In [16] Gamblin and Lambert study a model of an exponentially growing asexual population that undergoes cyclic bottlenecks under the large population power law mutation rates regime. Their trait space is composed of 4 sub-populations 00, 10, 01 and 11, where two paths of mutations are possible 00 7→ 10 7→ 11 and 00 7→ 01 7→ 11. They study the special case where one mutation (10) has a high-rate but is a weakly beneficial mutation whereas the other mutation (01) has a low-rate but is a strongly beneficial mutation. In particular they show the noticeable result that due to cyclic bottlenecks only a unique evolutionary path unfolds but modifying their intensity and period implies that all paths can be explored. Their work relies on a deterministic approximation of the wild-type sub-population 00 and some parts of the analysis of the behavior of the model is only obtained due to heuristics. The present work, and more specifically Theorem 2.2 because they are considering selective mutations, can be used and adapted to consider the case of cyclic bottlenecks in order to prove rigorously their results, in the specific trait space that they consider as well as on a general finite trait space.

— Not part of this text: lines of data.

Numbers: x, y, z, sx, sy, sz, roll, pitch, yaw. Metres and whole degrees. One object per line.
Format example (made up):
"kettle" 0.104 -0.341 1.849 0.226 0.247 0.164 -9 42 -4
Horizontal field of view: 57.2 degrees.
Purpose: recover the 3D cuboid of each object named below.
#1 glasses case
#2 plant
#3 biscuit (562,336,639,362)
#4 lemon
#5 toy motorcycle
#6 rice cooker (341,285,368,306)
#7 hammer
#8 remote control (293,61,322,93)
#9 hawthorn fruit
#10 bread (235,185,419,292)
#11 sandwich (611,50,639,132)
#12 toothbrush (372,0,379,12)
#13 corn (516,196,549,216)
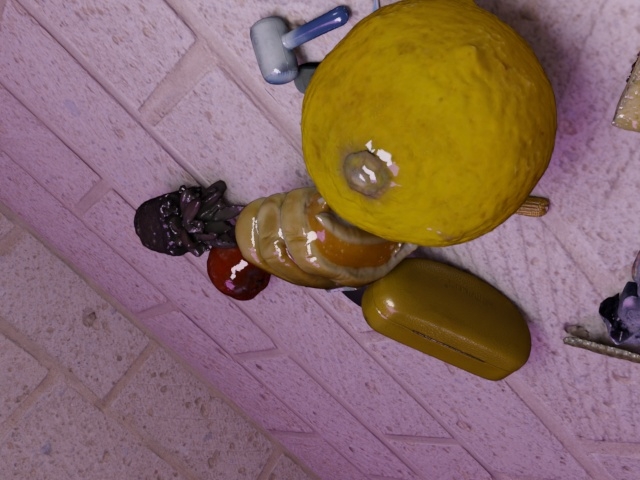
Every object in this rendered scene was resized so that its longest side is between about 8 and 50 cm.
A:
"glasses case" 0.276 0.152 1.239 0.371 0.173 0.141 25 132 -13
"plant" -0.350 -0.051 1.536 0.320 0.194 0.182 -7 106 41
"biscuit" 0.584 0.222 1.170 0.203 0.016 0.144 13 172 32
"lemon" 0.140 -0.156 0.820 0.349 0.387 0.350 21 127 31
"toy motorcycle" 0.582 0.118 1.011 0.173 0.108 0.307 18 149 23
"rice cooker" 0.116 0.085 1.378 0.203 0.118 0.142 33 147 4
"hammer" -0.031 -0.345 0.997 0.193 0.069 0.116 -14 95 35
"remote control" 0.049 -0.280 1.038 0.221 0.042 0.072 14 142 28
"hawthorn fruit" -0.229 0.063 1.625 0.202 0.185 0.185 39 152 29
"bread" 0.000 0.000 1.195 0.341 0.300 0.210 -6 89 44
"sandwich" 0.480 -0.210 0.733 0.162 0.058 0.193 20 143 19
"toothbrush" 0.086 -0.356 0.929 0.014 0.017 0.162 18 144 19
"corn" 0.358 -0.063 1.046 0.092 0.037 0.037 16 143 31

The rest of the paper is organised as follows. In Section 2 the results and their biological interpretations are given. Sections 3 and 4 are dedicated to prove Theorem 2.1, which assumes Equation (5). In Section 3 the mathematical definition of the model is given for an infinite mono-directional graph as well as the proof in this particular case. The generalisation of the proof from an infinite mono-directional graph to a general finite graph is given in Section 4. In Section 5, Theorem 2.2 is proved adapting results from [13].